These expenses include external expenses that we have incurred in connection with the development of IMO-2125 as part of our immuno-oncology program. These external expenses include payments to independent contractors and vendors for drug development activities conducted after the initiation of IMO-2125 clinical development in immuno-oncology, but exclude internal costs such as payroll and overhead expenses. We commenced clinical development of IMO-2125 as part of our immuno-oncology program in July 2015 and from July 2015 through September 30, 2017 we incurred approximately $13.0 million in IMO-2125 external development expenses as part of our immuno-oncology program, including costs associated with the preparation for and conduct of the ongoing Phase 1/2 clinical trial to assess the safety and efficacy of IMO-2125 in combination with ipilimumab and with pembrolizumab in patients with metastatic melanoma, the manufacture of additional drug substance for use in our clinical trials and additional nonclinical studies. The $13.0 million in IMO-2125 external development expenses excludes costs incurred prior to July 2015 with respect to IMO-2125, including costs incurred for the development of IMO-2125 for the treatment of patients with chronic hepatitis C virus which we discontinued in the third quarter of 2011.
The increases in our IMO-2125 external development expenses during both the three and nine months ended September 30, 2017, as compared to the 2016 periods, were primarily due to increases in costs associated with the design and planning for additional clinical trials of IMO-2125 and increased clinical activity under our Phase 1/2 clinical trial, including costs incurred with contract research organizations and drug manufacturing costs.
We anticipate our IMO-2125 external development expenses will continue to increase during the fourth quarter of 2017, as compared to the fourth quarter of 2016, as we plan to continue our Phase 1/2 clinical trial to assess the safety and efficacy of IMO-2125 in combination with ipilimumab and with pembrolizumab in patients with metastatic melanoma, plan for the Phase 3 trial of IMO-2125 in combination with ipilimumab, develop our strategy to optimize IMO-2125, and continue manufacturing activities and nonclinical studies.
IMO-8400 External Development Expenses.
These expenses include external expenses that we have incurred in connection with IMO-8400 since October 2012, when we commenced clinical development of IMO-8400. These external expenses include payments to independent contractors and vendors for drug development activities conducted after the initiation of IMO-8400 clinical development but exclude internal costs such as payroll and overhead expenses. Since October 2012, we have incurred approximately $41.7 million in IMO-8400 external development expenses through September 30, 2017, including costs associated with our Phase 1 clinical trial in healthy subjects, our Phase 2 clinical trial in patients with psoriasis, our Phase 1/2 clinical trial in patients with Waldenström’s macroglobulinemia and our Phase 1/2 clinical trial in patients with diffuse large B-cell lymphoma, or DLBCL, harboring the MYD88 L265P oncogenic mutation, which we discontinued in September 2016, the preparation for and conduct of our ongoing Phase 2 clinical trial in patients with dermatomyositis, the manufacture of additional drug substance for use in our clinical trials, and expenses associated with our collaboration with Abbott Molecular for the development of a companion diagnostic for identification of patients with DLBCL harboring the MYD88 L265P oncogenic mutation.

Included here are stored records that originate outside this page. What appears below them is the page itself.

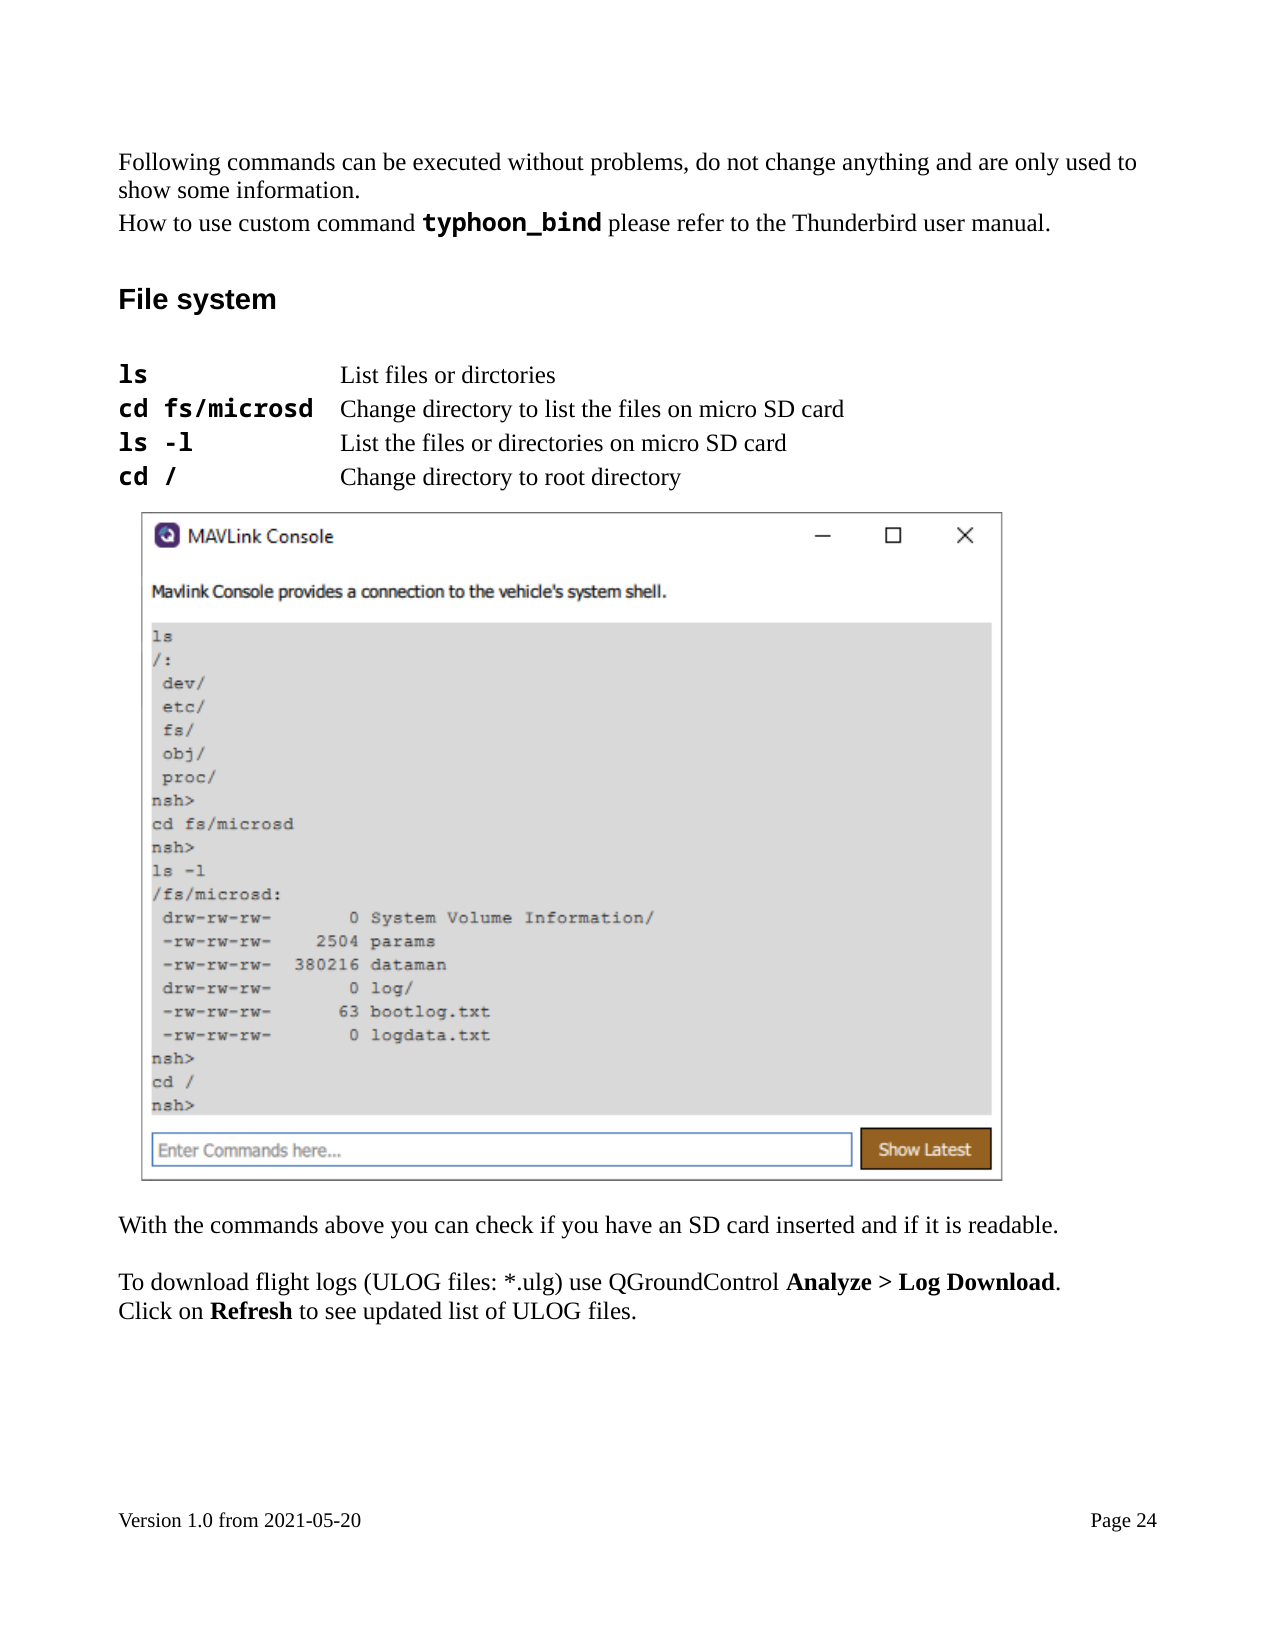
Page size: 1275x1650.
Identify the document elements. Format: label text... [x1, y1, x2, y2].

text ls -l List the files or directories on micro SD card [118, 425, 1157, 459]
text cd / Change directory to root directory [118, 459, 1157, 493]
text Following commands can be executed without problems, do not change anything and are only used to show some information. [118, 147, 1157, 204]
text With the commands above you can check if you have an SD card inserted and if it is readable. [118, 1210, 1157, 1238]
picture [141, 512, 1003, 1181]
text To download flight logs (ULOG files: *.ulg) use QGroundControl Analyze > Log Download. Click on Refresh to see updated list of ULOG files. [118, 1267, 1157, 1325]
text ls List files or dirctories [118, 357, 1157, 391]
text How to use custom command typhoon_bind please refer to the Thunderbird user manual. [118, 204, 1157, 238]
subtitle File system [118, 282, 1157, 315]
text cd fs/microsd Change directory to list the files on micro SD card [118, 391, 1157, 425]

The decreases in our IMO-8400 external development expenses during both the three and nine months ended September 30, 2017, as compared to the 2016 periods, were due primarily to lower costs incurred on clinical development of IMO-8400 for B-cell lymphomas, including our trials in Waldenström’s macroglobulinemia and DLBCL in the 2017 periods, offset partially by spending on our ongoing Phase 2 clinical trial of IMO-8400 in patients with dermatomyositis.
We anticipate our IMO-8400 external development expenses will continue to decrease during the fourth quarter of 2017, as compared to the fourth quarter of 2016. In September 2016, we announced that we had suspended the internal clinical development of IMO-8400 for B-cell lymphomas, including our trials in Waldenström’s macroglobulinemia and DLBCL. We are exploring strategic alternatives for IMO-8400 in these indications. We expect to continue to incur costs associated with IMO-8400 as we continue our ongoing Phase 2 clinical trial of IMO-8400 in patients with dermatomyositis and finish treating enrolled patients in our clinical trial of IMO-8400 in Waldenström’s macroglobulinemia.
IMO-9200 External Development Expenses.
These expenses include external expenses that we have incurred in connection with IMO-9200 since October 2014, when we commenced clinical development of IMO-9200. These external expenses include payments to independent contractors and vendors for drug development activities conducted after the initiation of IMO-9200 clinical development but exclude internal costs such as payroll and overhead expenses. We have incurred approximately $4.6 million in IMO-9200 external development expenses from October 2014 through September 30, 2017 including costs associated with our Phase 1 clinical trial in healthy subjects, the manufacture of additional drug substance for use in our clinical and nonclinical trials and additional nonclinical studies.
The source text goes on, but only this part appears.